None of this makes autonomy impossible. It just means it’s not a switch you flip, it’s a system you redesign.

What it would actually take to change course

If we were serious about becoming more strategically autonomous, it would look less like a dramatic break and more like a decade-plus of deliberate, boring, disciplined work.

  • Building sovereign capability: Investing in our own surveillance, satellites, cyber, and defence manufacturing so we’re not permanently renting our backbone from someone else.
  • Diversifying partnerships: Deepening ties with Japan, India, ASEAN, the Pacific - so we’re part of a web, not a single chain.
  • Rewriting doctrine: Updating how we think about defence and foreign policy so 'alliance first' isn’t the only lens.
  • Economic resilience: Strengthening local industry and broadening trade so we’re less exposed to any one partner’s mood swings.
  • Public honesty: Having grown-up conversations about risk, cost, and identity instead of treating the alliance as a sacred relic.

It’s not glamorous. It’s spreadsheets, infrastructure, diplomacy, and a lot of political spine.

Where we’d be positioned if we took the jump

If we did the work and actually shifted, I don’t see Australia ending up isolated. I see us landing as a more confident, regionally grounded middle power that isn’t automatically defined by Washington or Beijing.

We’d be:

  • More independent: Able to say yes or no to big-power agendas without it feeling like treason to our own story.
  • Regionally central: A stabiliser in the Indo-Pacific, not just a southern outpost of someone else’s strategy.
  • Economically integrated with Asia: Still trading with everyone, but less emotionally tethered to one 'protector'.
  • A credible bridge: Trusted enough to host conversations, mediate tensions & act as a connector rather than a proxy.

Not anti-US. Not pro-China. Not non-aligned in a performative way. Just Australia, on our own terms, with our eyes open.

Why I keep coming back to this

I don’t expect overnight transformation, and I’m not naïve about the risks.

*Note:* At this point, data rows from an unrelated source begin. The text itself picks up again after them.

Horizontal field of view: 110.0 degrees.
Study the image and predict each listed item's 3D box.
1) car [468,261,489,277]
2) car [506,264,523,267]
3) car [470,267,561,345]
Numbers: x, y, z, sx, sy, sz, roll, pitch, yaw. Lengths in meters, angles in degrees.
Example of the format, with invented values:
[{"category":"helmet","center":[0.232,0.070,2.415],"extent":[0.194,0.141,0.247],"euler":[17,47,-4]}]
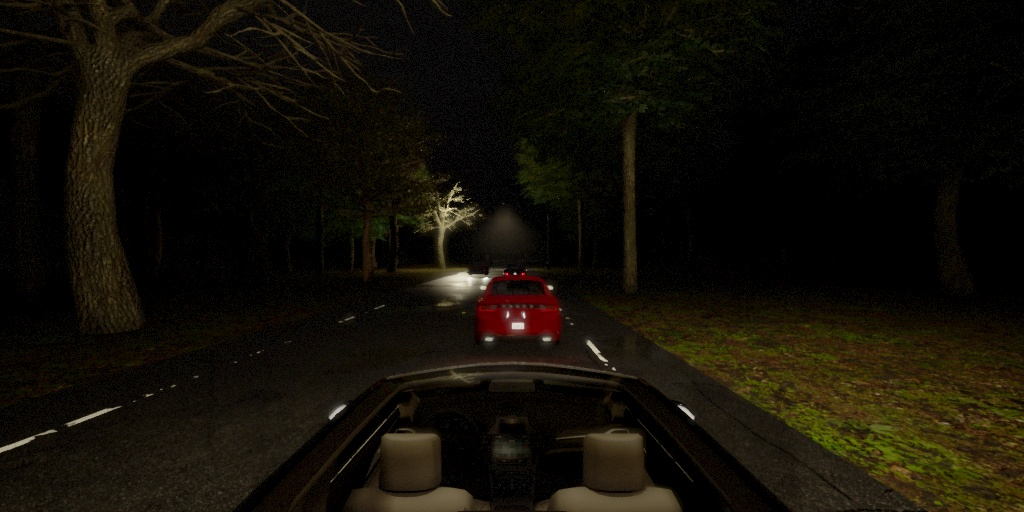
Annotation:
[{"category":"car","center":[-3.457,1.322,37.975],"extent":[1.882,1.535,5.008],"euler":[0,0,0]},{"category":"car","center":[0.209,1.352,28.294],"extent":[2.033,1.411,5.357],"euler":[0,0,0]},{"category":"car","center":[0.130,1.235,9.559],"extent":[1.882,1.535,5.008],"euler":[0,0,0]}]

But I also don’t buy the idea that our only choices are 'cling to the US no matter what' or 'drift into chaos'. There’s a middle path where we grow up strategically, invest in ourselves, and still cooperate with whoever it makes sense to cooperate with.

For me, the real question isn’t “Can we afford to be more autonomous?” It’s “How long can we afford not to be?” Because the world is shifting whether we move or not, and I’d rather we were steering than just hanging on to someone else’s wheel.